Segment Start: EXTRACTED MATERIAL

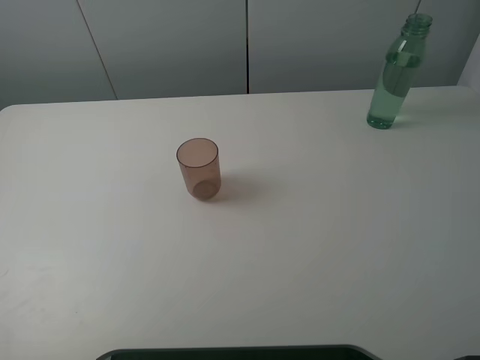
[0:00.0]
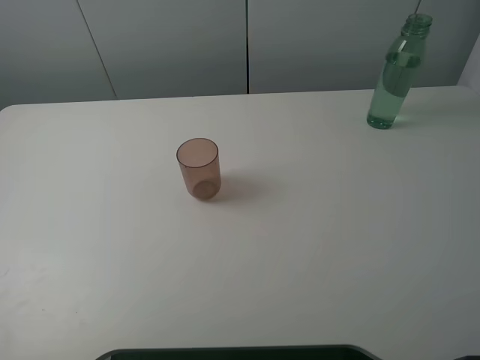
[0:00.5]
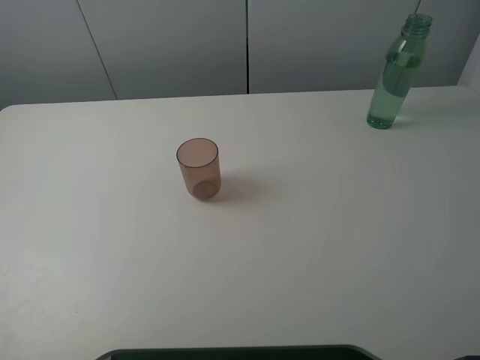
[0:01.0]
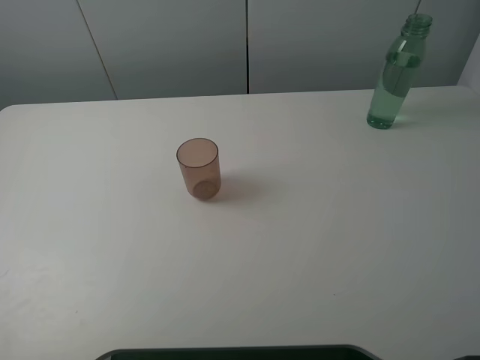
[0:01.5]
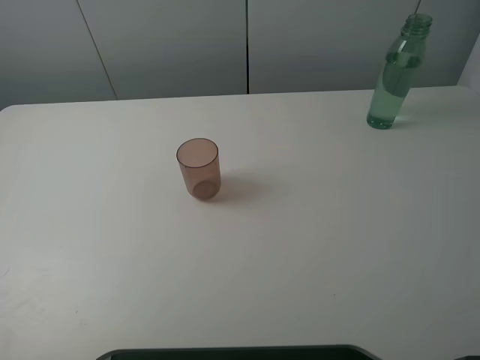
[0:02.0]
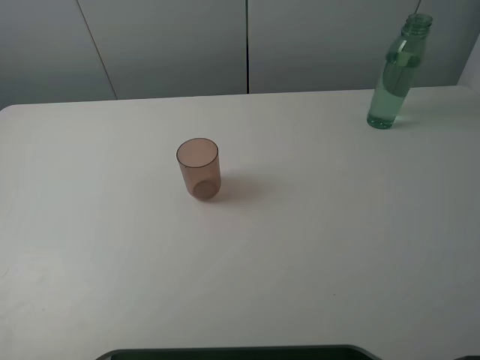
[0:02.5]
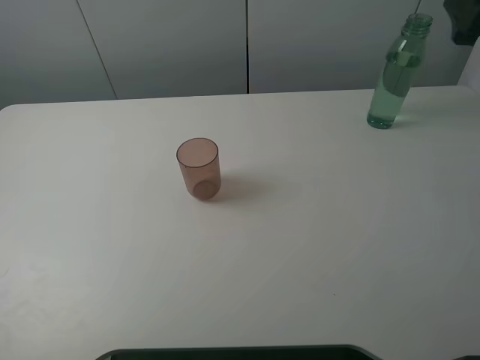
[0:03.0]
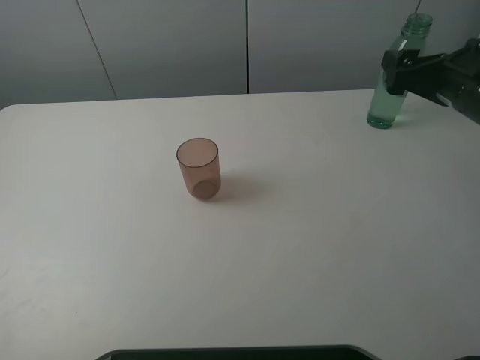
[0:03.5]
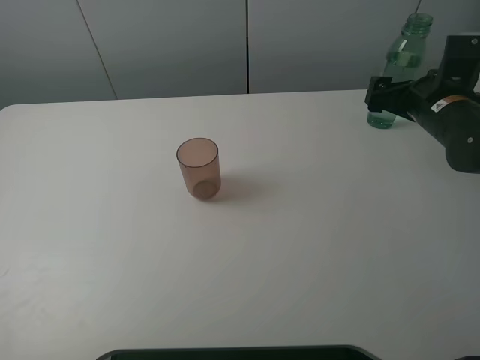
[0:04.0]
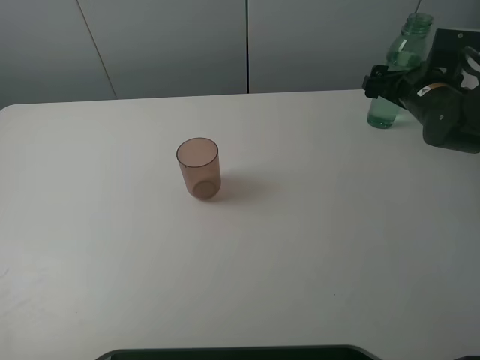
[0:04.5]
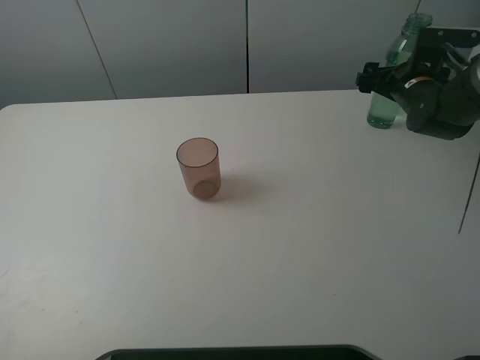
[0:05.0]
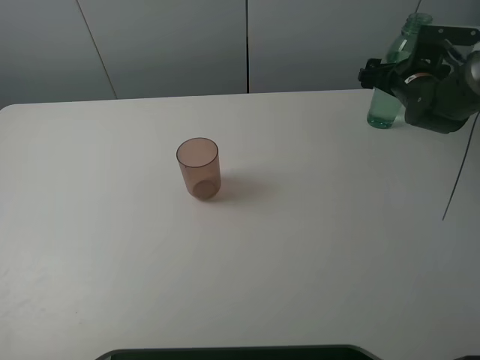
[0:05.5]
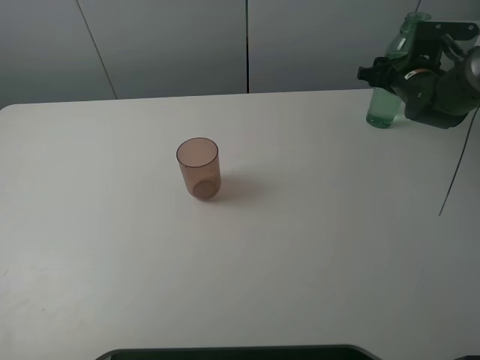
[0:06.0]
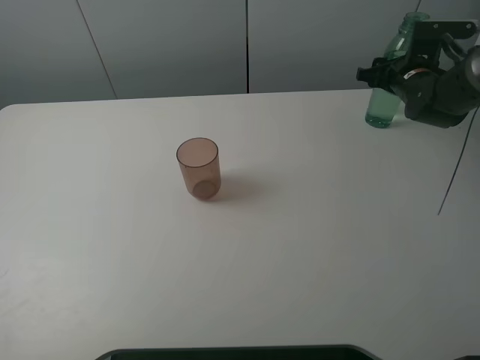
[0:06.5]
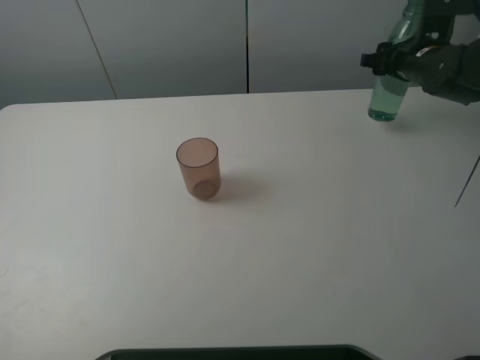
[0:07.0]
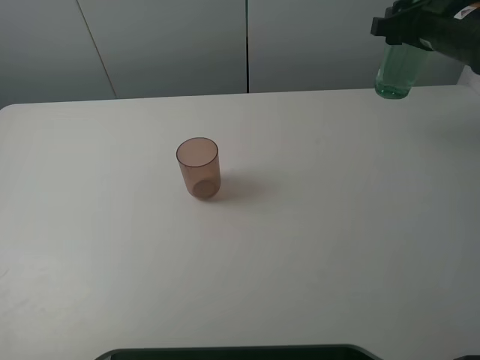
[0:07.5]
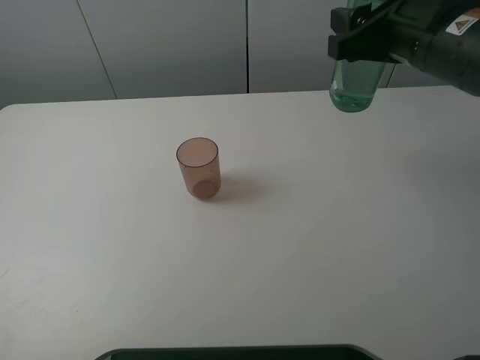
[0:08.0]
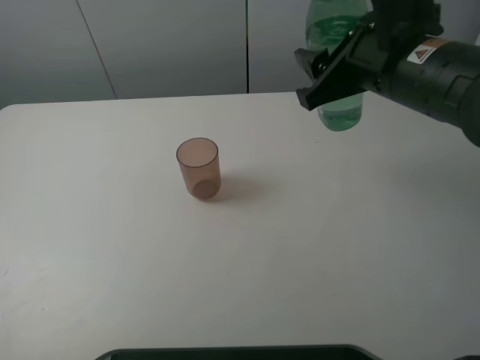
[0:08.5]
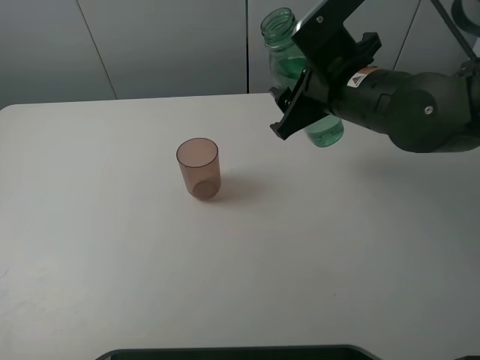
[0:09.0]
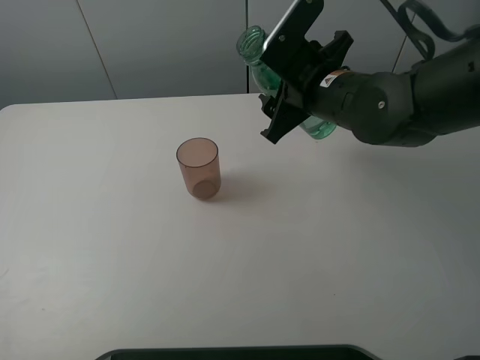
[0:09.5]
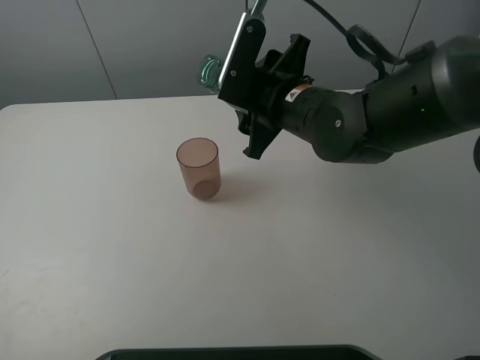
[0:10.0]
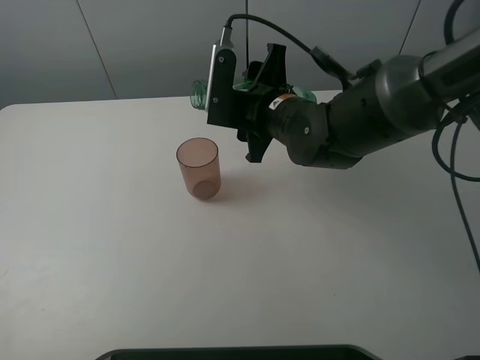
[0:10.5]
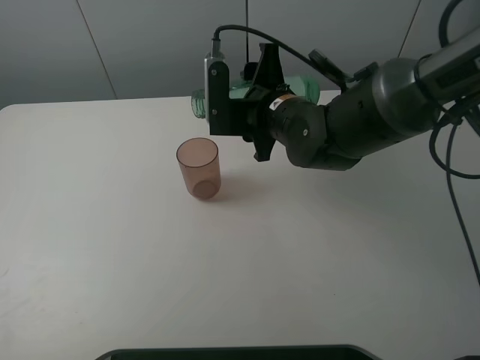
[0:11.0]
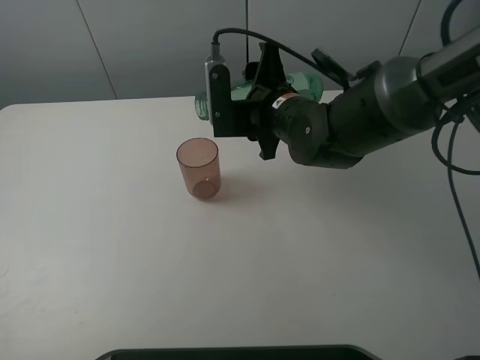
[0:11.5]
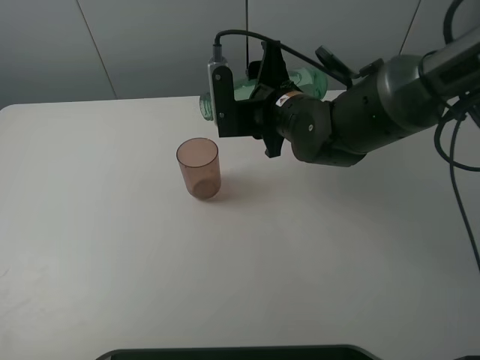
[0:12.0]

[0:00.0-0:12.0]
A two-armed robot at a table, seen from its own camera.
Task of the whole recording: pick up the bottle filled with water and pour it into the pink cup.
Step, 0:00.0 to 0:06.0: Grasp the green bottle with the right gripper.
0:02.0 to 0:04.0: The right gripper heads forward and downward, covering roughly 35 cm.
0:04.0 to 0:06.0: The right gripper goes about 10 cm forward, and closes.
0:06.0 to 0:08.0: The right gripper moves backward, upward and to the left, some 25 cm.
0:08.0 to 0:10.0: The right gripper shifts roughly 15 cm to the left and downward.

Segment End: EXTRACTED MATERIAL

§ **EXERCISE AIM**:
Return the data verbatim, leaving out the pictures it holds.

§ **REPLY TO THE EXERCISE**:
[0:00.0]
[0:00.5]
[0:01.0]
[0:01.5]
[0:02.0]
[0:02.5]
[0:03.0]
[0:03.5]
[0:04.0]
[0:04.5]
[0:05.0]
[0:05.5]
[0:06.0]
[0:06.5]
[0:07.0]
[0:07.5]
[0:08.0]
[0:08.5]
[0:09.0]
[0:09.5]
[0:10.0]
[0:10.5]
[0:11.0]
[0:11.5]
[0:12.0]

[0:00.0-0:12.0]
A two-armed robot at a table, seen from its own camera.
Task of the whole recording: pick up the bottle filled with water and pour it into the pink cup.
Step, 0:00.0 to 0:06.0: Grasp the green bottle with the right gripper.
0:02.0 to 0:04.0: The right gripper heads forward and downward, covering roughly 35 cm.
0:04.0 to 0:06.0: The right gripper goes about 10 cm forward, and closes.
0:06.0 to 0:08.0: The right gripper moves backward, upward and to the left, some 25 cm.
0:08.0 to 0:10.0: The right gripper shifts roughly 15 cm to the left and downward.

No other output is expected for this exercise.